To gain insight into functional differences between targeted organs, a comprehensive analysis of GO annotations was performed. For this purpose, functional GO-slims annotations were weighted with the %NSAF values calculated for each identified protein. To visually compare frequencies of GO-slim annotations between organs and species, a clustered heatmap was generated using the R package pheatmap.

Data Records

Transcriptomic databases

Transcriptomic data and ORF data for G. fossarum can be accessed from Cogne et al.¹². Specifically, the transcriptome has been deposited in GenBank with the identifiers GHDA01000000¹⁷, while the ORF database referred as “T-GFBM” can be downloaded as FASTA files from figshare within the folder “YC02_Transcriptome translated ORFs”¹⁸. Read sequences were deposited in the European Nucleotide Archive under the accession number SRR808972¹⁹ for P. serratus and the NCBI Sequence Reads Archive under the accession number SRP448656²⁰ for D. polymorpha. The open-access data repository Recherche Data Gouv²¹ provides reference transcriptomes for P. serratus and D. polymorpha, available as FASTA files named “Palaemon_serratus_transcriptome” and “Dreissena_polymorpha_transcriptome.” Additionally, the repository offers FASTA files of the translated coding sequence regions of contigs, which were generated by Transdecoder and used for MS/MS spectrum assignments in P. serratus and D. polymorpha. These files are named “Palaemon_serratus_ORF” and “Dreissena_polymorpha_ORF” respectively²¹.

Proteomic data

All mass spectrometry data are readily accessible through the ProteomeXchange Consortium, available via the PRIDE partner repository^22,23,24,25. The dataset identifiers corresponding to these data can be found in Table 2. Information regarding the number of biological replicates and technical replicates associated with the Pride repository can be found in Table 1. A synthetic Excel table (named “PRIDE_descriptions”) available from the data repository Recherche Data Gouv²¹ provides a comprehensive description of all the file names and their associated replica types in the PRIDE databases.

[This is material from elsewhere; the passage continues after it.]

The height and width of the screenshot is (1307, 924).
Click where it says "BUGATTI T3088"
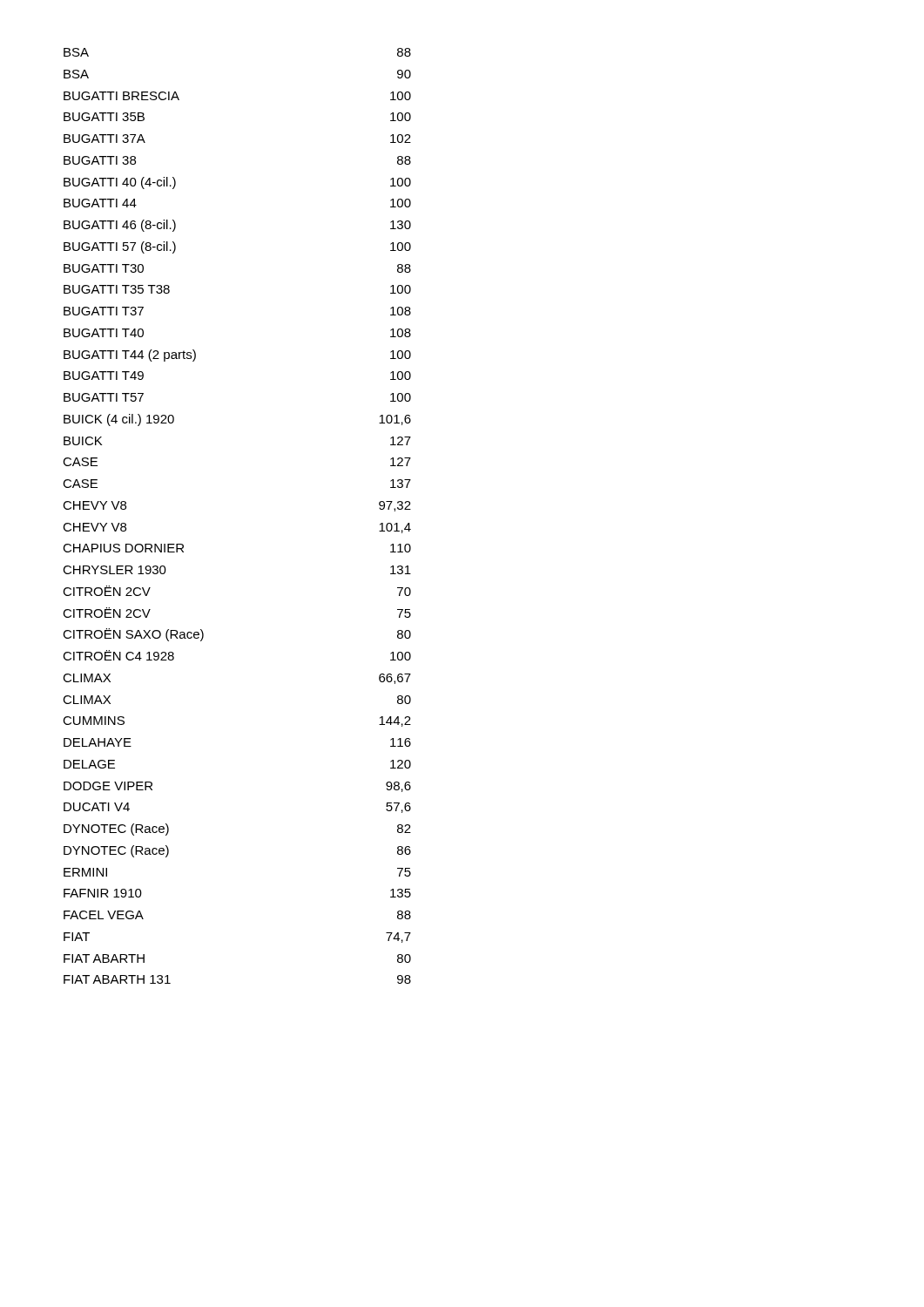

Table 2 Pride dataset identifiers of mass spectrometry data acquired from different organs of the three sentinel species.

Full size table

For detailed insights into the identified proteins, their functional annotations, and estimated abundances based on NSAF values, Tables named “PS_proteins”, “GF_proteins”, and “DP_proteins” have been provided for organs from P. serratus, G. fossarum, and D. polymorpha, respectively. The excel files can be downloaded from data repository Recherche Data Gouv²¹ and include accession names of proteins linked to ORFs accessions, protein scores, percent peptide coverage of proteins, spectral counts of analytical replicates, NSAF values, Blast annotations, GO-terms and KEGG pathway assignments for each identified protein.

Technical Validation

Mass spectrometry quality control

Mass Spectrometry Quality Controls based on Pierce HeLa protein digest standard (Thermo) were incorporated at multiple points in the worklist and the performances of reproducibility were assessed in terms of peptide and protein identification. The correct calibration of the instrument was checked before starting the worklist and was verified by the average error done on the measures for each sample. The calibration error was in average below 0.5 ppm (0.44 ppm for P. serratus proteomes, 0.43 ppm for D. polymorpha proteomes, and 0.26 ppm for G. fossarum proteomes). The efficiency of proteolysis of samples, defined as less than 7% of 2 miss-cleavage, was tested for each sample.

The reproducibility of analytical replicates was also evaluated by comparing the set of proteins identified in each replicate (Fig. 2). For each sample tested in duplicate, over 90% of the proteins validated from a specific organ (see section below) with a unique peptide sequence were identified in both replicates. Using linear regression correlations, the repeatability of the protein abundance estimations between replicate was also evaluated by comparing the %NSAF values of shared proteins calculated independently in each analytical replicate. Results showed that the lowest correlation coefficient (R²) between %NSAF values was observed for the replicates of P. serratus hepatopancreas samples (Fig. 2). However, even in this case, the R² was greater than 98%, indicating a high level of reproducibility. Overall, these results showed that the protein identification and abundance estimation were highly reproducible between analytical replicates, which enhances the reliability and robustness of MS investigations.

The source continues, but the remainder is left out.